IX Bomber Command was quickly put together in late 1942 to aid the British Eighth Army's drive west from Egypt into Libya against General Rommel's Afrika Corps during the Western Desert Campaign. It consisted of units and aircraft put together for an attack on Japan which was canceled after the Burma Road was captured by Japanese forces, making its planned base in China unable to support the attack (HALPRO Mission); by Pearl Harbor Attack and Philippines survivor early model B-17 Flying Fortresses that had been sent from Australia, and by some early B-24 Liberator and B-25 Mitchells which were sent across the South Atlantic Transport route from Morrison Field, Florida, via Brazil and across Central Africa via Sudan.

The United States Army Air Forces (USAAF) began planning for a buildup of American air power in the Middle East in January 1942 in response to a request from the British Chief of the Air Staff. The initial unit to arrive was given the codename "Halverson Project" (HALPRO). It was under the command of Colonel Harry A. Halverson (formerly Brig Gen Billy Mitchell's Executive Officer) and consisted of twenty-three B-24D Liberator heavy bombers with hand-picked crews. It had initially been assigned to the China Burma India Theatre to attack Japan from airfields in China, but after the fall of Rangoon, the Burma Road was cut, so the detachment could not be logistically supported in China.

HALPRO's first mission was flown on 12 June 1942 against the Romanian oil facilities at Ploieşti. Thirteen B-24s flew this first U.S. mission against a European target, causing negligible damage. On 15 June, seven planes assisted the Royal Air Force (RAF) in attacking an Italian fleet which had put to sea to intercept a British resupply convoy (Operation Vigorous) on its way to Malta. HALPRO then flew in support of British Commonwealth forces fighting in the Western Desert of Egypt and Libya. HALPRO's primary mission became the interdiction of supplies to Rommel's Army in North Africa by bombing strikes on Axis cargo ships at sea or in the ports of Tobruk and Benghazi.

Reinforced during early 1943, its subordinate units attacked enemy storage areas, motor transports, troop concentrations, airdromes, bridges, shipping, and other targets in Libya, Tunisia, and other areas. In May 1943 after the Tunisian Campaign ended, Tunisia became available for launching attacks on Pantelleria (Operation Corkscrew), Sicily (Operation Husky), and mainland Italy.

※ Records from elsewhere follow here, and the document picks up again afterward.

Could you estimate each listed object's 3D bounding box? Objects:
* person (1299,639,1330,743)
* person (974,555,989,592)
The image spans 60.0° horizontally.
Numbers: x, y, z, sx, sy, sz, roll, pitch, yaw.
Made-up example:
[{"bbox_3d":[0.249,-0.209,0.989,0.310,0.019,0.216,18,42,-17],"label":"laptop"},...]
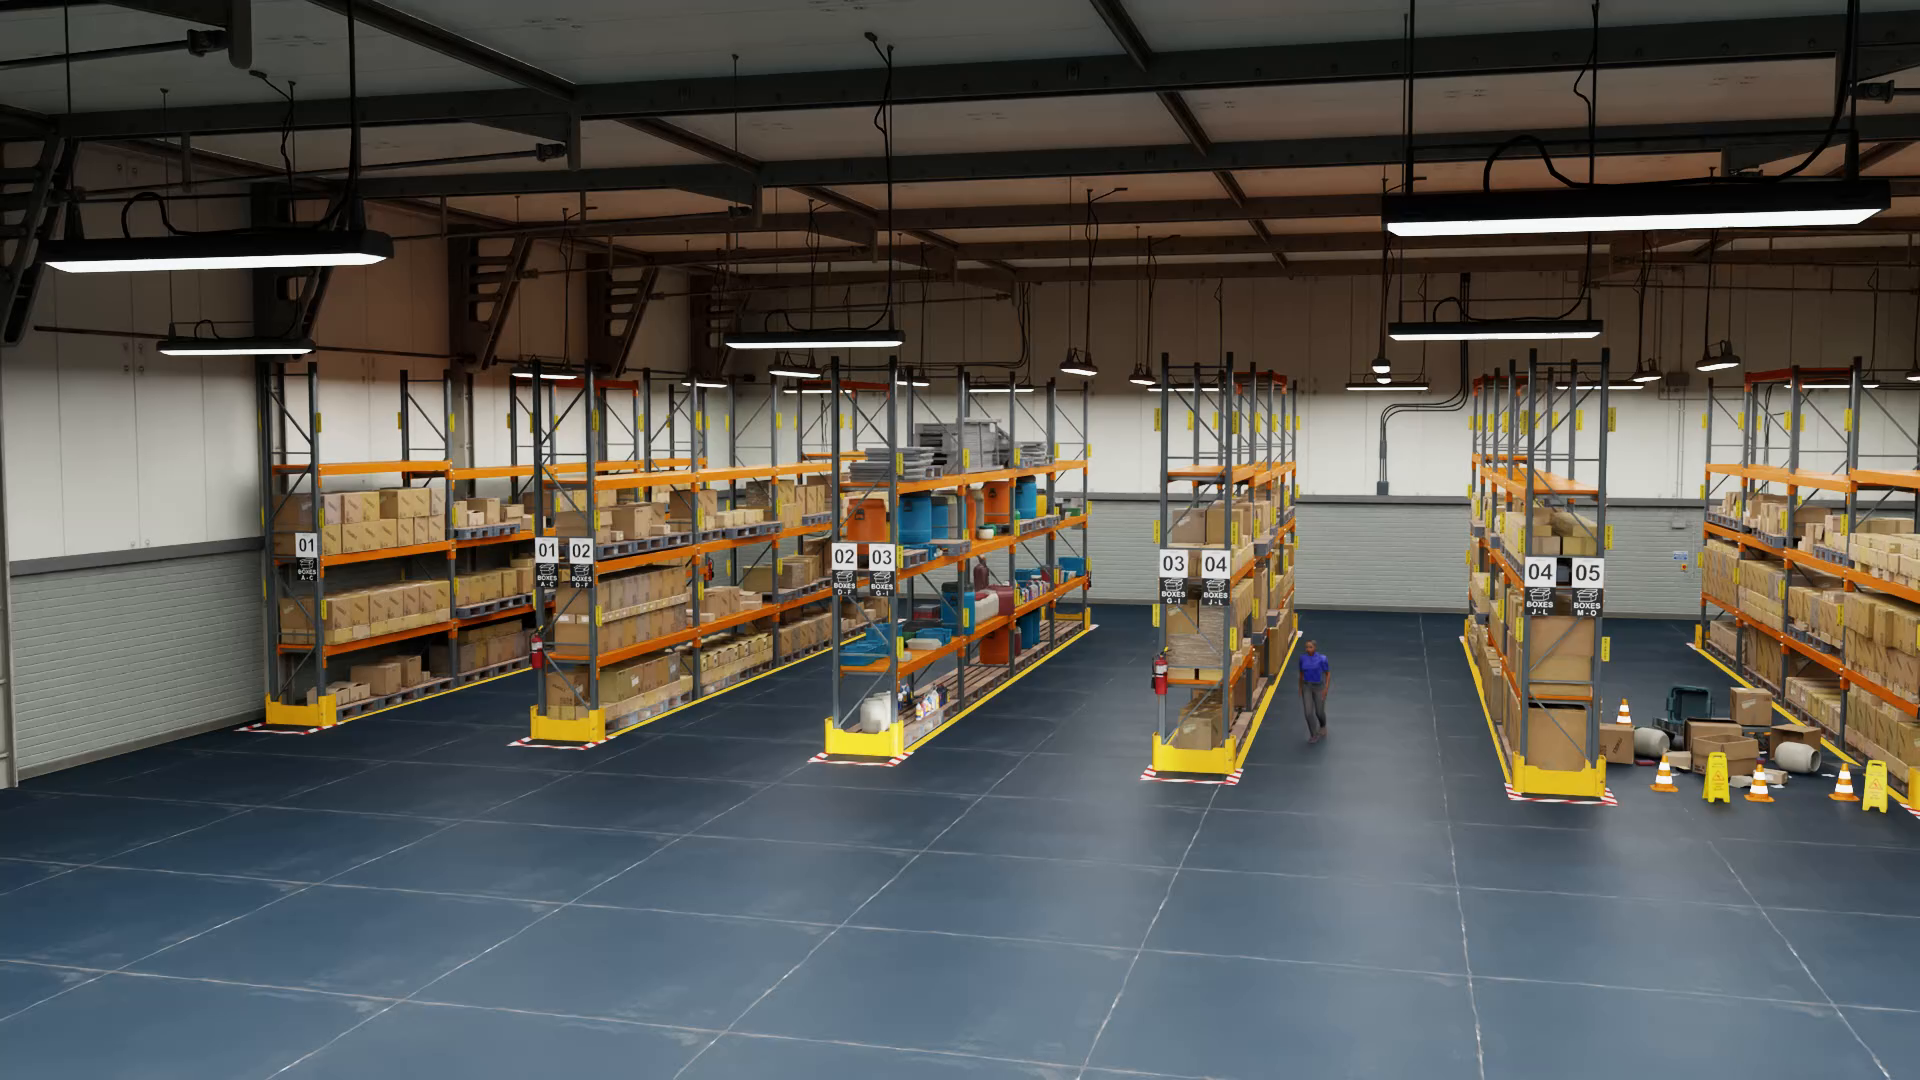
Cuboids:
[{"bbox_3d":[5.602,2.351,26.212,0.507,1.636,0.559,2,5,28],"label":"person"},{"bbox_3d":[0.502,1.250,40.711,0.564,1.779,0.627,-2,4,-24],"label":"person"}]

The command attacked airfields and rail facilities in Sicily and took part in Operation Husky, carried paratroopers, and flew reinforcements to ground units on the island. Heavy bomb units of the Ninth also participated in Operation Tidal Wave, the famed low-level assault on oil refineries at Ploesti, Romania on 1 August 1943.

Later in August 1943, it was decided to reassign Ninth Air Force to England to be the tactical air force in the planned invasion of France scheduled for May 1944. The IX Bomber Command reassigned its groups to Twelfth Air Force, and eventually its heavy bombardment groups became the core of the newly activated Fifteenth Air Force, while its B-25 Mitchell medium bomber groups remained with Twelfth Air Force.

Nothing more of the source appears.